Bulk Remove Thousand of URLs in Google’s Index [Case Study]

Coverage Report

The goal of this case study is to show you how removing low-value pages from your site and the Google index can benefit your website.

 

Pages removal may have a disruptive effect on your site. If you choose to follow this process, you should understand the rationale behind each step and only implement changes if you have a deep knowledge of the website, SEO expertise and adequate resources.

 

The following case study is part of an overall SEO Audit and is the cornerstone of the SEO strategy.

During the content audit, a number of blog posts looked as if they did not bring any traffic, backlinks, conversions and little traction in social media. However, they helped to bring in new (offline) business partnerships with other companies, and so they had to be technically handled separately.

 


 

Page quality is a hot topic right now; this is because it is hard to define what quality content is. Is quality important to rank? Or to help a potential customer? Or to define your business? All of these questions need to be considered when hiring an agency or a consultant to create content.

It is possible that a website can rank highly without converting readers into leads or have high converting pages with low traffic. Often the top 10 pages are responsible for most of the traffic, and sometimes conversions.

 

 

Tasks Prioritization

The onboarding process is important with new clients. Prior website analysis, understanding the client (and their customers), resources, site performance, the competition, and the market, and goals define strategy. Usually, at this point, a list of implementable steps is given to clients, but it is also important to help them to prioritize.

 

Case Study: A Slash Horror Show

A website with no previous SEO input. 99.97% of low-value website content needed to be eliminated.
The client had a double goal:

  • Improving brand awareness against competitors.
  • Increasing organic conversions (currently mainly via PPC).

The business sells historical reports for a category of used products. They run database queries and provide free reports. With the paid version, customers are provided all the information required to buy the best product.

Superficially the website looked successful. Further analysis revealed that it only ranked for a small set of keywords, within a narrow topic.

The several technical issues were prioritized into five urgent problems:

  1. Mixed http & https protocols, with www and non-www pages.
  2. A loop of redirects due to multiple site re-designs.
  3. Incorrect Canonical tags implementations.
  4. Thousands of Tag pages.
  5. Poor quality duplicate content representing the more than 90% of the page.

Mixed protocols, redirects and incorrect Canonicals were resolved within weeks.

To fix the duplicate tag pages, the same method was utilized as the other millions of URLs.

The duplication issue was because there was a page for every product (one for each brand/model and also for each product code) as they misguidedly thought this would help them rank on Google. They also had a large four-year archive of hundreds of daily on-site searches. But each free report contained very little information and in many cases, the difference between them was less than 10 words (reports averaged 50 words in total).

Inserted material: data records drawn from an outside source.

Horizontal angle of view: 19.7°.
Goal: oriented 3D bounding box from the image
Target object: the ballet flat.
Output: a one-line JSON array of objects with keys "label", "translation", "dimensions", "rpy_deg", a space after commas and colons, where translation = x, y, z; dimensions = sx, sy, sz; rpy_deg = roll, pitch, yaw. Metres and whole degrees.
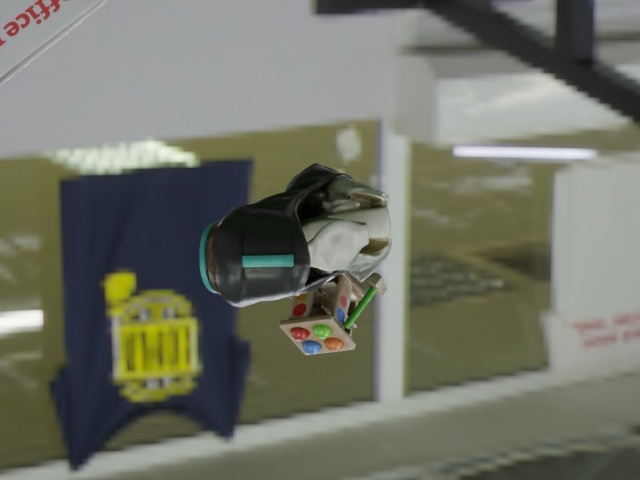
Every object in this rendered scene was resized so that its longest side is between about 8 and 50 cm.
[{"label": "ballet flat", "translation": [0.000, 0.000, 1.432], "dimensions": [0.096, 0.095, 0.280], "rpy_deg": [-2, -168, 19]}]

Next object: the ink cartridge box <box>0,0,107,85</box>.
[{"label": "ink cartridge box", "translation": [-0.258, -0.192, 1.190], "dimensions": [0.148, 0.203, 0.086], "rpy_deg": [-40, -166, -16]}]

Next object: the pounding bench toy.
[{"label": "pounding bench toy", "translation": [0.015, 0.063, 1.628], "dimensions": [0.083, 0.052, 0.065], "rpy_deg": [-9, -128, 28]}]
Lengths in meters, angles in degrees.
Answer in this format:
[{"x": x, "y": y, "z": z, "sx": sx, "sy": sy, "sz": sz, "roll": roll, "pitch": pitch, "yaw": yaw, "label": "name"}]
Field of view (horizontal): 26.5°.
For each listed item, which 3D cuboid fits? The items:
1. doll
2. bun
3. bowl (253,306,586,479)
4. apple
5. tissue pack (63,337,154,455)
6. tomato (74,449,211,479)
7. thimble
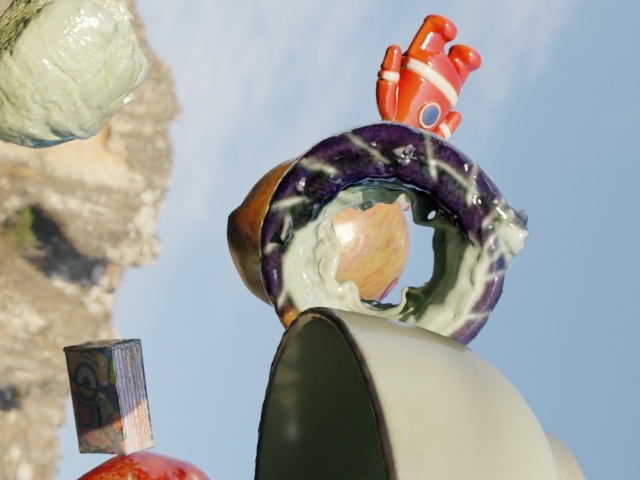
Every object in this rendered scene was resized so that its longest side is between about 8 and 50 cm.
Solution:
[{"x": 0.114, "y": -0.149, "z": 1.902, "sx": 0.105, "sy": 0.200, "sz": 0.336, "roll": 20, "pitch": -105, "yaw": 43, "label": "doll"}, {"x": -0.236, "y": -0.168, "z": 1.260, "sx": 0.204, "sy": 0.126, "sz": 0.212, "roll": -19, "pitch": -141, "yaw": 44, "label": "bun"}, {"x": 0.080, "y": 0.225, "z": 0.986, "sx": 0.354, "sy": 0.185, "sz": 0.354, "roll": -179, "pitch": -90, "yaw": -73, "label": "bowl"}, {"x": 0.000, "y": 0.000, "z": 1.642, "sx": 0.188, "sy": 0.211, "sz": 0.211, "roll": -44, "pitch": -173, "yaw": -29, "label": "apple"}, {"x": -0.279, "y": 0.205, "z": 1.785, "sx": 0.109, "sy": 0.060, "sz": 0.148, "roll": -5, "pitch": -87, "yaw": 46, "label": "tissue pack"}, {"x": -0.276, "y": 0.490, "z": 2.056, "sx": 0.325, "sy": 0.293, "sz": 0.290, "roll": -43, "pitch": 167, "yaw": -31, "label": "tomato"}, {"x": 0.066, "y": 0.003, "z": 1.206, "sx": 0.150, "sy": 0.237, "sz": 0.237, "roll": -59, "pitch": 169, "yaw": -80, "label": "thimble"}]
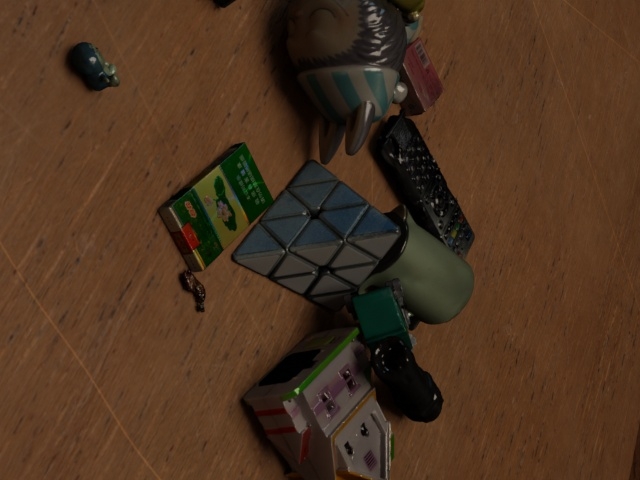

Analysis of the previous 12-month activity revealed the top 20 landing pages were responsible for more than 85% of the organic sales and 60% of the traffic. In contrast, the free reports contributed to less than 4% of the conversions, and less than 8% of the traffic.

In fact, they were making Google crawl (and spend resources) on millions of low-value, auto-generated pages rather than the user-oriented pages.

The following report from OnCrawl clearly show the relationship pageviews vs. page crawled by bots:

OnCrawls bots

A Supportive Team

The duplicate pages needed to be deleted from the website, as well as the Google index. Because of prior affection for the pages and business model, it was not going to be easy to convince the client of this.

However, the results achieved during the initial fixing period assured the supervisors that this was the correct plan of action.

Performance GSC

Through the initial impact of work undertaken, I was able to win the confidence of the management and the support of the dev team.

SEO Pruning At Scale

SEO Pruning can often result in working on different scales. In this case, 99.97% of the pages were removed leaving only 1200.

Removal of unnecessary content helps to save resources (time, technical infrastructure, scraping issues, etc.), improve site quality, gain visibility and enhance your site’s interaction with Google.

 

Performance GSC

 

What You Should Expect

You should see the start of a trend. Listed below are the main expected changes:

Increase of traffic/visibility

An improved site in terms of crawled URLs. It’s now time to improve other aspects, such as content, ranking, conversion rate, brand, etc.

Slight decrease of traffic/visibility

This is to be expected, so plan for a small drop.
It should not largely affect your conversions.

Follow your overall SEO plan, and improve content accordingly (should be part of your improvement plan).

Same traffic/visibility

No real change in terms of visibility or traffic is a positive outcome as it highlights that the deleted pages meaning didn’t bring value.

This just means the overall health of the site has been improved.

 

Coverage Report

In Conclusion

Deletion of low-value pages should be part of an overall SEO audit and undertaken with a structured plan for business improvements. After removal of the low-value content, every remaining page should have defined business goals: conversion, branding, support, traffic acquisition, etc.

Always ask the website owner for advice and feedback.